A principal reason given for not providing a shelter bed for every homeless person is the expense: a shelter bed costs almost as much as it does to support a chronically homeless person in permanent housing.
The current reimbursement for what the Homeless Services Authority calls crisis housing is $40 per night — about $14,600 per year for each bed. By comparison, rental subsidies provided by the Los Angeles Department of Health Services, coupled with support services, cost about $1,450 per month, or $17,400 per year.
Shelters cost so much because they are required to do far more than provide overnight refuge. Their role has been redefined to make them responsible for the success of their clients in getting into permanent housing — at a cost.
The $40 reimbursement rate — to be raised to $50 this year for some shelters — has doubled in recent years as the homeless agency pushed shelters to do more.
A Times analysis of 35 shelter budgets obtained from the Homeless Services Authority through a public records request found that the actual cost of running shelters averages about $62 per bed per day.
Less than half of that is for keeping the shelter open — primarily operations, food, utilities and space. More than half went to supportive services, including case management, housing navigation and life skills training.
Breakdown of shelter supportive services
Most shelter operators piece together money from multiple sources and supplement it with private fundraising.
The San Fernando Valley agency operates a 245-bed shelter in North Hollywood. But the beds are contracted to nine different programs with differing performance goals and daily reimbursement rates ranging from $22 per bed to $41.90.
Shelter programs for single adults operated by LA Family Housing
What do all those names for shelters mean?
There are several kinds of shelter programs for homeless people. Their names are often used interchangeably, but there are differences. Some are reported to the U.S. Department of Housing and Urban Development as shelters, others are not.
Here is a glossary:
Transitional: A shelter program lasting up to two years and often in a homelike setting with services to develop skills for independent living. A decade ago, two of every three shelter beds were transitional. Since then, the transitional model has fallen out of favor as policymakers have shifted their priority to “housing first.” With dwindling funding, the number of transitional programs has been halved, and they are now considered most appropriate for victims of domestic abuse and youths, especially those leaving the foster care system.
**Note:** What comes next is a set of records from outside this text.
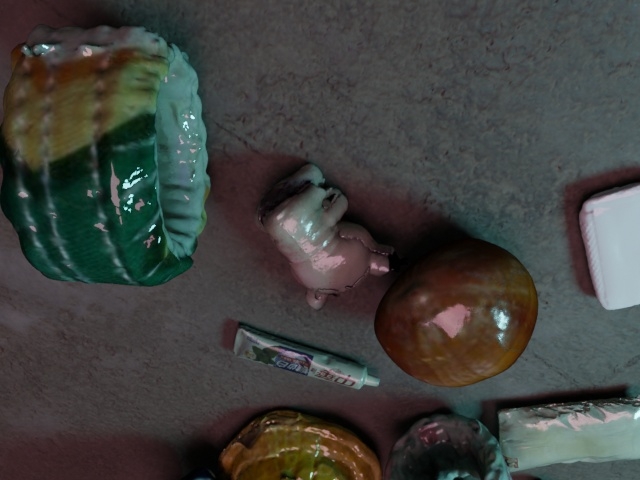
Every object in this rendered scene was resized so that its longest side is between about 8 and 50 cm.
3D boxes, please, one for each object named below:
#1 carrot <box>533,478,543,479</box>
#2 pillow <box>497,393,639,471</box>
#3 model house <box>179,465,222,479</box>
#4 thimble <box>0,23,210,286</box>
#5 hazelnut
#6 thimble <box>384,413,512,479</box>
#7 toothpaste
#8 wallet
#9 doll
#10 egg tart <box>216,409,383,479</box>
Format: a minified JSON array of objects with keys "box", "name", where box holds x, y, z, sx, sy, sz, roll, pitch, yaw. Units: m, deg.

Transitional contracts require 65% of clients to obtain permanent housing.
Crisis: Generally the most basic setting, in which a person or family seeks refuge from the street for an indeterminate period with some degree of services to help them get re-established. For many the next step will be a longer-term program. Crisis contracts require 30% of clients to obtain permanent housing.
Interim: Temporary housing for those who have been accepted into a program that will provide subsidized permanent housing with services, allowing them to stay off the streets while securing a lease.
Bridge: Crisis housing backed up by intensive housing services and intended for those who have a good prospect of obtaining and keeping permanent housing. A bridge placement often follows a crisis housing episode. Bridge contracts require 80% of clients to obtain permanent housing.
DPSS: The Los Angeles Department of Public Social Services funds two hybrid shelter programs. One provides welfare recipients who become homeless vouchers for 16-day stays in motels. The other provides applicants for general relief with beds for up to 28 days or until their applications are approved. Then they can move into a regular shelter program from which they seek housing.
Recuperative: A special kind of shelter with medical support for those leaving hospitals.
But for the 35 agencies whose budgets were available, the authority’s reimbursement paid for more than half the operations, but only a quarter of the supportive services required by its contracts. The terms of the contracts require the agencies to “leverage” their grant with other services.